Raw Grated Zucchini Salad with Feta

Ingredients:
2 medium zucchini, grated or shredded (see Recipe Notes)
1 pint cherry tomatoes, halved
1 6-ounce jar castelvetrano olives, drained & halved
6 ounces feta, crumbled
2 tablespoons fresh dill, torn or roughly chopped
1 lemon, juiced
1 tablespoon extra virgin olive oil
Kosher salt & ground black pepper
(
Find the full recipe and directions here at Plays Well with Butter)

Keto Broccoli Salad

(I’m not keto, or anything for that matter, but i prefer high fat low carb meals as they keep my blood sugar stable. With that said I’d use this recipe – like all of them – as a template to make your own.)
Ingredients:
Creamy Tahini Dressing
1/4 cup tahini
1/4 cup lemon juice
1/4 cup red wine vinegar
2 tablespoons olive oil
salt and pepper to taste
Broccoli Salad
10 cups broccoli chopped small
10 slices bacon cooked crisp and crumbled
1 red bell pepper diced
1/2 cup cheddar cheese grated
1/2 cup sunflower seeds roasted and salted
1/4 cup red onion chopped
(Find the full recipe and directions here at Blissfully Low Carb)

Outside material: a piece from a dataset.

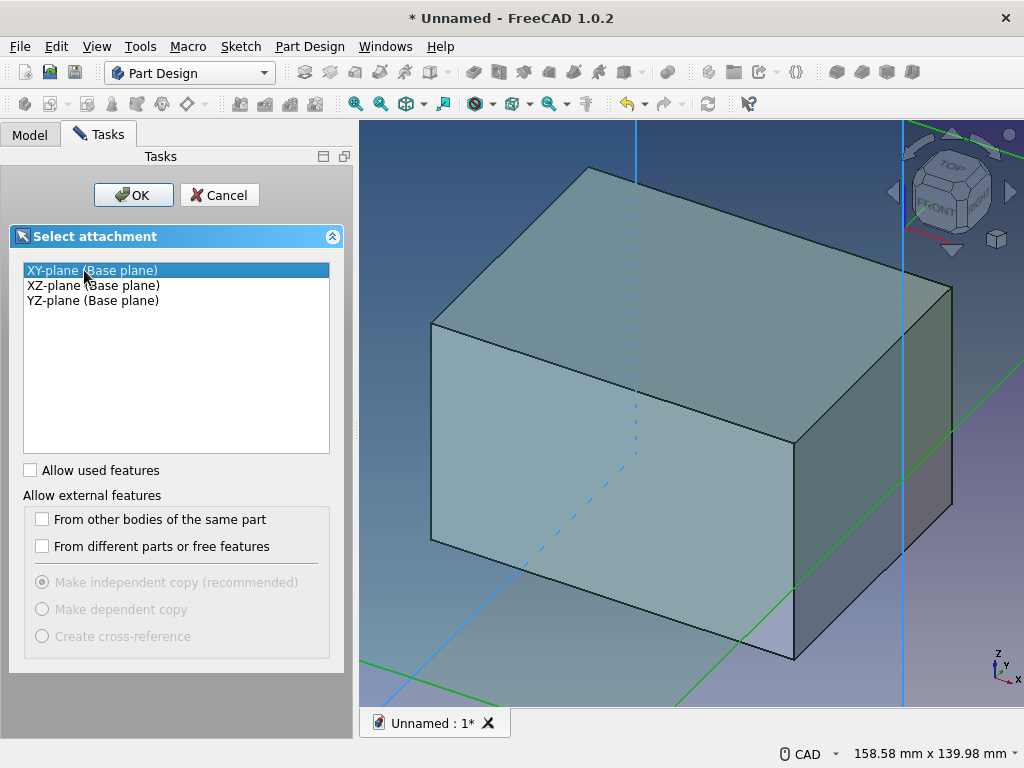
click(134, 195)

Creamy Tomato Sauce with Zucchini Noodles

Ingredients:
3 cups tomatoes
3 cloves garlic
1 tbsp olive oil
2/3 cups raw cashews (Soaked for 10 minutes in boiling water and then drained)
2 tbsp tomato paste
1/4 tsp chili flakes
1/4 tsp salt
Pasta
4 zucchini spiralized
1/4 tsp salt
Optional Additions
1 cup spinach
3/4 cup shredded chicken
1/2 cup cooked prawns
(Find the full recipe and inspiration here at Every Last Bite)

Mexican Quinoa Stuffed Peppers

(This recipe looked way too goo to leave to ol bell peppers. Any stuffing that doesnt fit in the carmen peppers, surely will fit in your mouth!)
Ingredients:
PEPPERS
1/2 cup quinoa or rice (thoroughly rinsed and drained)
1 scant cups vegetable stock (sub water, but it will be less flavorful)
2 large red, yellow, or orange bell peppers (halved, seeds removed)
1/4 cup salsa (plus more for serving)
1/2 Tbsp nutritional yeast (optional)
1 tsp cumin powder
0.75 tsp chili powder
0.75 tsp garlic powder
1/2 15-ounce can black beans (drained // if unsalted, add 1/4 tsp sea salt per can)
1/2 cup whole kernel corn (drained)
(Find the full recipe and directions here at The Minimalist Baker)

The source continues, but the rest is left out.